Jami Schlueter

Personal information
- Born: 26 October 2002 (age 23)

Sport
- Sport: Athletics
- Event: Decathlon

Achievements and titles
- Personal bests: Decathlon: 8024 (2026) NR Heptathlon: 5871 (2026) NR

= Jami Schlueter =

Nigerian decathlete (born 2002)

Jami Schlueter (born 26 October 2002) is a Nigerian multi-event athlete. He is the Nigerian national record holder in decathlon and heptathlon.

==Biography==
Born in Germany to a Nigerian mother and German father, he has family in Ekiti State. Schlueter grew up in the Middle East and England, completing his secondary school at Millfield in Somerset, where he served as head boy and captain of athletics. He started competing in combined events between 2014 and 2016, transitioning from quadrathlon to pentathlon and to decathlon. He later studied in the United States, competing for the University of Washington.

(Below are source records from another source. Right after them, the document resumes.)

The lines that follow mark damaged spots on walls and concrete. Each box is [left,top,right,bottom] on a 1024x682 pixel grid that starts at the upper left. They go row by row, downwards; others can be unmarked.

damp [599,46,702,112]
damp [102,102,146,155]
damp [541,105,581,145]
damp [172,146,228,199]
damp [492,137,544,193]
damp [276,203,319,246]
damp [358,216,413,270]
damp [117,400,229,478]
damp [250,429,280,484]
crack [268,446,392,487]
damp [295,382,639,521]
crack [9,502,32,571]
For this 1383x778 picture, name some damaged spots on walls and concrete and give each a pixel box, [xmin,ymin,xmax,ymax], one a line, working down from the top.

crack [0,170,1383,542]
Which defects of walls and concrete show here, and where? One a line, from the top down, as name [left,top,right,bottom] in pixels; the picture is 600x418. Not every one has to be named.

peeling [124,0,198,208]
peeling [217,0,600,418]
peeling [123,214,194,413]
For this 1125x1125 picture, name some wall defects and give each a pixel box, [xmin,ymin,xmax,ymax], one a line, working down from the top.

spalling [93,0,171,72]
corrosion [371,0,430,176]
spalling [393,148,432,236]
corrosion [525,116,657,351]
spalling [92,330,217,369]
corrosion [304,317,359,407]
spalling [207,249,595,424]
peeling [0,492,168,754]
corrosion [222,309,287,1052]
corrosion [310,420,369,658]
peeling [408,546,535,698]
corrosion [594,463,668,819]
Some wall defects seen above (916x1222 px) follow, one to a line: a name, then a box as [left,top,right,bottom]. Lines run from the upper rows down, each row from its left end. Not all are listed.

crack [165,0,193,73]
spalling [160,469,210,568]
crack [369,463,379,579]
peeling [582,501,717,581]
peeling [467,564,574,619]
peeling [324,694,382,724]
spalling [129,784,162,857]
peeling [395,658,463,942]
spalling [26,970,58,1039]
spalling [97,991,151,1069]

Schlueter placed tenth in decathlon at the 2024 NCAA Championships with 7739 points in June 2024. The following month, Schlueter placed third in decathlon at the 2024 British Athletics Championships in Birmingham with 7452 points.

He won the Big Ten Conference silver medals for Washington in both the heptathlon and decathlon in 2025, and set a new personal best of 5,780 points in the heptathlon at the UW Invitational in Seattle that year. He graduated in 2025, having studied psychology and sociology.

On 13 November 2025, Schlueter became eligible to represent Nigeria having applied to change his allegiance from Great Britain. In February 2026, Schlueter set a new Nigerian national record in the heptathlon with a tally of 5,789 points at the Texas A&M Charlie Thomas Invitational, competing for the University of Washington, breaking the previous record of 4,859 set by Chukwuma Maduka in 2018. He then improved his personal best and the national record with 5871 points at the US National Indoor Championships in Indianapolis on 22 February 2026.

Schlueter set a new Nigerian national record in the decathlon with a score of 7861 points at the 2026 Mt. SAC Relays, breaking the 2017 record from Peter Moreno. He broke the 8000 points barrier in decathlon for the first time in June 2026 in Dallas, Texas, scoring a tally of 8024 points. He placed seventh in decathlon at the 2026 Commonwealth Games in Glasgow, Scotland.

==Personal life==
While a student at the University of Washington, he served as the university's Black Student Athlete Association President, with the university winning a National Award for Black Student Athlete Organisations. Alongside his athletics, he has worked as a Business Development and Project Management consultant.